Given data:
___
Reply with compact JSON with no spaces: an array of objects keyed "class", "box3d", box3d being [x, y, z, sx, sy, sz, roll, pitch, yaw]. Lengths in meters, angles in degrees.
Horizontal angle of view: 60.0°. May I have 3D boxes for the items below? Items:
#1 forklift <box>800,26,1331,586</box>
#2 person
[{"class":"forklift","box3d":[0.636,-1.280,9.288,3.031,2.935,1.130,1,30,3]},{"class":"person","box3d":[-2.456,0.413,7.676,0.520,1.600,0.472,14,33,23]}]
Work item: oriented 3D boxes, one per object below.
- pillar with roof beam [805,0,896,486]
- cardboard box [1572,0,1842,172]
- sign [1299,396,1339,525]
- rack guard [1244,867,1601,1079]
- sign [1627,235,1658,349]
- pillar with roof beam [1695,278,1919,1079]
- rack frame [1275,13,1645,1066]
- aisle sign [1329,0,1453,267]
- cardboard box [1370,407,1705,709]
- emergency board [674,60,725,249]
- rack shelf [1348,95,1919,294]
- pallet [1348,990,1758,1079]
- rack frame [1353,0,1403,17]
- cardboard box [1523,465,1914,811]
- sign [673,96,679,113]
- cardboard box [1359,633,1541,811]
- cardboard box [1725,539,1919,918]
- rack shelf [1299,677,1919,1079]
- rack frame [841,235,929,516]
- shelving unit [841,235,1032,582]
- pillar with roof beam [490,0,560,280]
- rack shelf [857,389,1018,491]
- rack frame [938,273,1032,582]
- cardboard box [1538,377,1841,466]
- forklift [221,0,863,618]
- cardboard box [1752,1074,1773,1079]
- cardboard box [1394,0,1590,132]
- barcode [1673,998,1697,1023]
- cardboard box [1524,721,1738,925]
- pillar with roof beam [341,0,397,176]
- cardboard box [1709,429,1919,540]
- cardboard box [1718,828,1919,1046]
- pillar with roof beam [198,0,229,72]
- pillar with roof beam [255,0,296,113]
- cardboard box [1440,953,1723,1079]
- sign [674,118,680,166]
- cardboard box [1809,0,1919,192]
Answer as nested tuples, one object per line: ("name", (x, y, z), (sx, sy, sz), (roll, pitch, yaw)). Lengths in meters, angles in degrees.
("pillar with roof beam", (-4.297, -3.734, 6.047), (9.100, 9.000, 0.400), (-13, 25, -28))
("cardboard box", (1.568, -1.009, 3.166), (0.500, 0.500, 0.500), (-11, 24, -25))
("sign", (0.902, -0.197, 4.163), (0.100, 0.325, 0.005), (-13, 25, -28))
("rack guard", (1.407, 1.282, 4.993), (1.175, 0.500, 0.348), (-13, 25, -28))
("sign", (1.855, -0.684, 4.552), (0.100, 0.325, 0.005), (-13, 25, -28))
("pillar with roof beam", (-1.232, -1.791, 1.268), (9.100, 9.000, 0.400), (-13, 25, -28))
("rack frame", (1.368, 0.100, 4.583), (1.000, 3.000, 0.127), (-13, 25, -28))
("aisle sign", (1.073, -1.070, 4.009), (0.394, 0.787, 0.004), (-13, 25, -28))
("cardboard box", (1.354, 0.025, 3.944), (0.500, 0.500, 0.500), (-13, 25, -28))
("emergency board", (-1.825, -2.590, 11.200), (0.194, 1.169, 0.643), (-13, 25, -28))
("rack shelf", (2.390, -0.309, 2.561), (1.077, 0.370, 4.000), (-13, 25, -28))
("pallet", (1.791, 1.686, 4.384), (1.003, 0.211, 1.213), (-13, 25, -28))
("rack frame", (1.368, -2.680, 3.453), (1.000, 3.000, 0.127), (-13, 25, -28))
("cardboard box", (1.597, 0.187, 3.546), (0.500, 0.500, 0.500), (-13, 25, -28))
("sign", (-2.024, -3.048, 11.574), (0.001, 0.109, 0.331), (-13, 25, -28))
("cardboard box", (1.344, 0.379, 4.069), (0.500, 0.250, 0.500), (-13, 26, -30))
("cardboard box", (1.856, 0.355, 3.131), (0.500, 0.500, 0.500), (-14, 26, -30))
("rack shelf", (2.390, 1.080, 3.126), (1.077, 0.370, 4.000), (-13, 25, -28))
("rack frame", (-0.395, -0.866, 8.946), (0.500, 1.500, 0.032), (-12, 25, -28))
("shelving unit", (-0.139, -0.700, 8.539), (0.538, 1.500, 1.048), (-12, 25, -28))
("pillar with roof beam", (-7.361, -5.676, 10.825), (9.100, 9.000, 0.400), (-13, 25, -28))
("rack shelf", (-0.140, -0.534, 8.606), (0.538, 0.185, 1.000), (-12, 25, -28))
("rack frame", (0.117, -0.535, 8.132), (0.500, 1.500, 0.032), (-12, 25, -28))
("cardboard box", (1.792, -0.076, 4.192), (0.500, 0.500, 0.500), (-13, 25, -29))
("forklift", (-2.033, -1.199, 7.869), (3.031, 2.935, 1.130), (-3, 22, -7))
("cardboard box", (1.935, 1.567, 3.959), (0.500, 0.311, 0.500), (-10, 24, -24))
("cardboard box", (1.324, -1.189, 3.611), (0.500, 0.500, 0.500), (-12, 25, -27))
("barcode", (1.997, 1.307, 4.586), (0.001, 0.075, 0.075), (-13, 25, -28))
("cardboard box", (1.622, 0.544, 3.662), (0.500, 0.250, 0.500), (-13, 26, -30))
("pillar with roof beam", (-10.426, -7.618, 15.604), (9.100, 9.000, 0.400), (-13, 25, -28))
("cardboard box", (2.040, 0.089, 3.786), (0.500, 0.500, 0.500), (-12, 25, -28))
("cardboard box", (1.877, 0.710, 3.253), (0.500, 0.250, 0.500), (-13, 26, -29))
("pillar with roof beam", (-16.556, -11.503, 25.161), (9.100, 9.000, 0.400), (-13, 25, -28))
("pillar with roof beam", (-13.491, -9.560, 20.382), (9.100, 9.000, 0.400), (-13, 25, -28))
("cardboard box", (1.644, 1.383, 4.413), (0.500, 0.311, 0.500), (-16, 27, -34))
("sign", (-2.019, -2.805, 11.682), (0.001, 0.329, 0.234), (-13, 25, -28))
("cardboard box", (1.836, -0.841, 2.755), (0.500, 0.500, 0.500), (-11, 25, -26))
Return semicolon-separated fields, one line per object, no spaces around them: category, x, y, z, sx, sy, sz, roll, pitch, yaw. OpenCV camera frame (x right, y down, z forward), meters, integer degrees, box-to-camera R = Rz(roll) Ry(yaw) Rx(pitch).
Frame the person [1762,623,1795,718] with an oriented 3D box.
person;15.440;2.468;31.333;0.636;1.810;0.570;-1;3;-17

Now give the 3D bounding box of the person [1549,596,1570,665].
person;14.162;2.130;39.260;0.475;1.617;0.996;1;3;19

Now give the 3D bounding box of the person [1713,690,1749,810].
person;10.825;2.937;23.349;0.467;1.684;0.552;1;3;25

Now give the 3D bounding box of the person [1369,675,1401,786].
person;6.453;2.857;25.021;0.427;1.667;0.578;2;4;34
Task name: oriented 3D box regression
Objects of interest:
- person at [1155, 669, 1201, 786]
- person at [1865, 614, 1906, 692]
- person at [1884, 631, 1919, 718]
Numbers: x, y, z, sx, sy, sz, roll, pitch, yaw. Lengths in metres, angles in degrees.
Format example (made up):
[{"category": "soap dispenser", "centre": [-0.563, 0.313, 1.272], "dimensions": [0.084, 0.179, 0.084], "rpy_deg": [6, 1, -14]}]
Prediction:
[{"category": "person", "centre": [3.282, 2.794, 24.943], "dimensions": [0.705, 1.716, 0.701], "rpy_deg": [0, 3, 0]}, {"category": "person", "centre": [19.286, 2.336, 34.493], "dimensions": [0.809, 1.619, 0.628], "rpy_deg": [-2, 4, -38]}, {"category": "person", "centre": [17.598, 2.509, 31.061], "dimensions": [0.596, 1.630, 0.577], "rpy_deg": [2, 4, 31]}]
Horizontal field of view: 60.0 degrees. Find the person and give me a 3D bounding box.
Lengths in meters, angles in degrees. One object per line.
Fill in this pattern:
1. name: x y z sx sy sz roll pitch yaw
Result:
___
What to produce:
Nothing but the lines from the start of the data through the line holding "- rack shelf [1299,677,1919,1079]" should be restated, and each one exactly.

Solution below:
Reply with compact JSON with no spaces: an array of objects keyed "class", "box3d", box3d being [x, y, z, sx, sy, sz, roll, pitch, yaw]. Lengths in meters, angles in degrees.
Horizontal angle of view: 60.0°. May I have 3D boxes for the items below? Items:
#1 forklift <box>800,26,1331,586</box>
#2 person
[{"class":"forklift","box3d":[0.636,-1.280,9.288,3.031,2.935,1.130,1,30,3]},{"class":"person","box3d":[-2.456,0.413,7.676,0.520,1.600,0.472,14,33,23]}]
Work item: oriented 3D boxes, one per object below.
- pillar with roof beam [805,0,896,486]
- cardboard box [1572,0,1842,172]
- sign [1299,396,1339,525]
- rack guard [1244,867,1601,1079]
- sign [1627,235,1658,349]
- pillar with roof beam [1695,278,1919,1079]
- rack frame [1275,13,1645,1066]
- aisle sign [1329,0,1453,267]
- cardboard box [1370,407,1705,709]
- emergency board [674,60,725,249]
- rack shelf [1348,95,1919,294]
- pallet [1348,990,1758,1079]
- rack frame [1353,0,1403,17]
- cardboard box [1523,465,1914,811]
- sign [673,96,679,113]
- cardboard box [1359,633,1541,811]
- cardboard box [1725,539,1919,918]
- rack shelf [1299,677,1919,1079]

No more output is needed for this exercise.